The width of Δ resonances is around 110...120 MeV.
All four of them. With modest differences. The difference in width between Δ0 and Δ++ is estimated from 5 to 9 MeV.
Why?
Δ+ and Δ0 resonances have two options to decay.
Δ+→p+π0
Δ+→n+π+
and correspondingly
Δ0→p+π-
Δ0→n+π0
In contrast, Δ++ and Δ- have only one option each:
Δ++→p+π+
Δ-→n+π-
So, from pure consideration of statistics/phase space, shouldn't Δ++ and Δ- live twice as long as Δ0 and Δ+, with widths of 50...60 MeV range?

2. Feb 3, 2017

### Orodruin

Staff Emeritus
You are implicitly assuming that Δ+→p+π0 should have the same decay rate as Δ++→p+π+. This is not the case.

You can understand this better from a symmetry point of view. In each case you have a state in an isospin 3/2 representation decaying and so this symmetrises the final state isospin. The Δs decay into a particular isospin combination in the final state, it is just that in the case of the ++ and -, this state is a set of physical states while in the + and 0, the state is a linear combination of the physical states and so when you project out the physical states, each channel obtains a factor of 1/2.

3. Feb 3, 2017

### Orodruin

Staff Emeritus
Just to put some more detail into it.

The $\Delta$ baryons form an isospin quadruplet, meaning you can transform the $\Delta$ baryons into each other using isospin transformations. At the same time, protons and neutrons form an isospin doublet $N$ while the pions form an isospin triplet $\pi$. Having a final state containing an $N$ and a $\pi$, you can have the (strong) decay $\Delta \to N + \pi$ only if isospin is conserved. The representations in the final state are of the form $2\otimes 3 = 4 \oplus 2$, where the 4-representation occurs when the isospins are parallel and the 2-represenation occurs when the isospins are anti-parallel. Due to isospin conservation, only the decay into the 4-state is allowed. The (normalised) state in the 4-representation with a third component of 1/2 is given by $(\sqrt 2 (1/2)(0) + (-1/2)(1))/\sqrt 3$. As you can see, this is a state that is a linear combination of $p+\pi^0$ ((1/2)(0)) and $n+\pi^0$ ((-1/2)(1)).
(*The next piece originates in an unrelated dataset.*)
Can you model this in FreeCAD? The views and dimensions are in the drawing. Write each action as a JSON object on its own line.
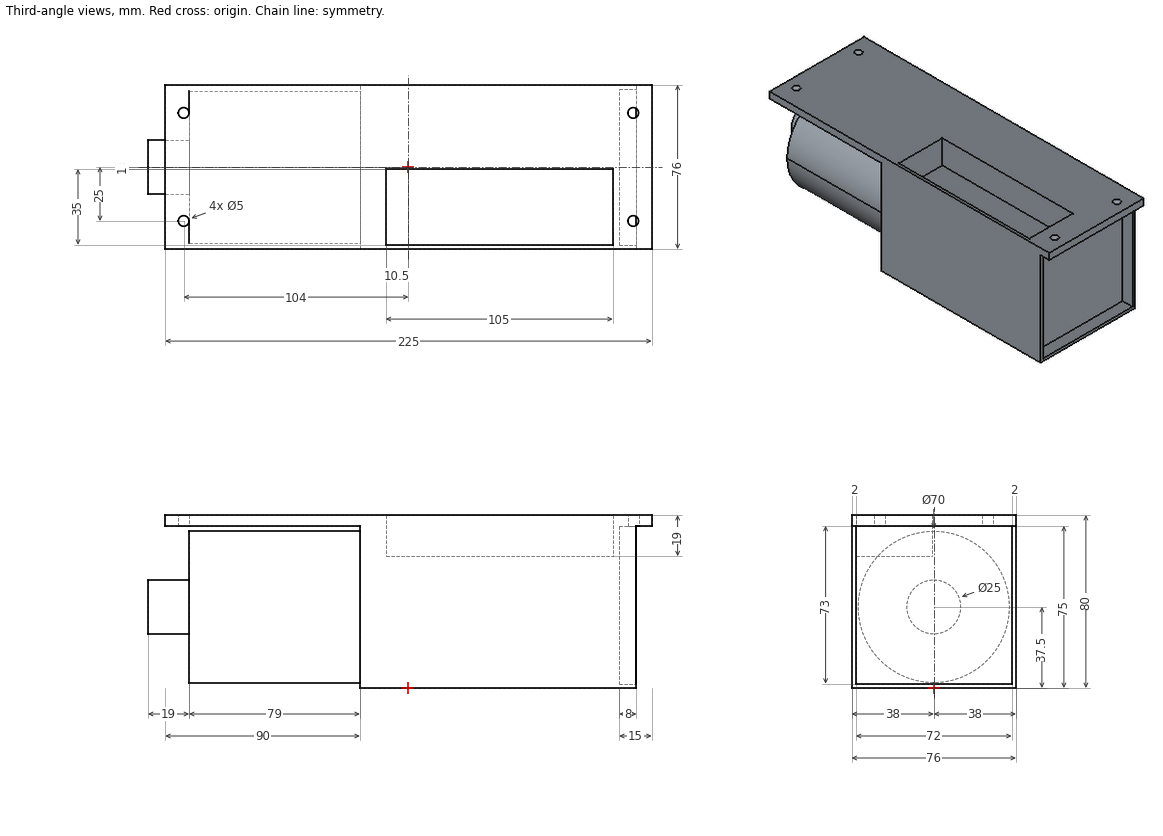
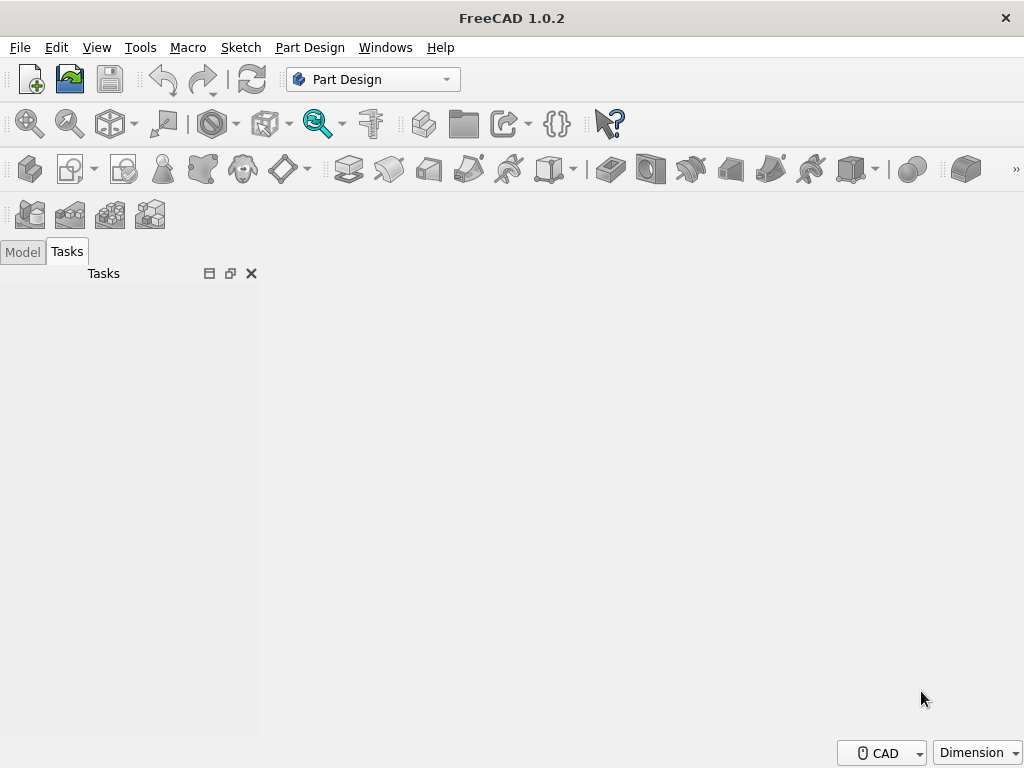
{"action": "key", "text": "ctrl+n"}

Let me also correct myself, the branching ratios of both channels are not the same. The branching ratio of $\Delta^+$ into $p+\pi^0$ should be twice as large as that into $n+\pi^+$ based on these symmetry arguments. The $p+\pi^0$ partial width is therefore 2/3 of the $\Delta^{++} \to p + \pi^+$ width and the $n+\pi^+$ is 1/3.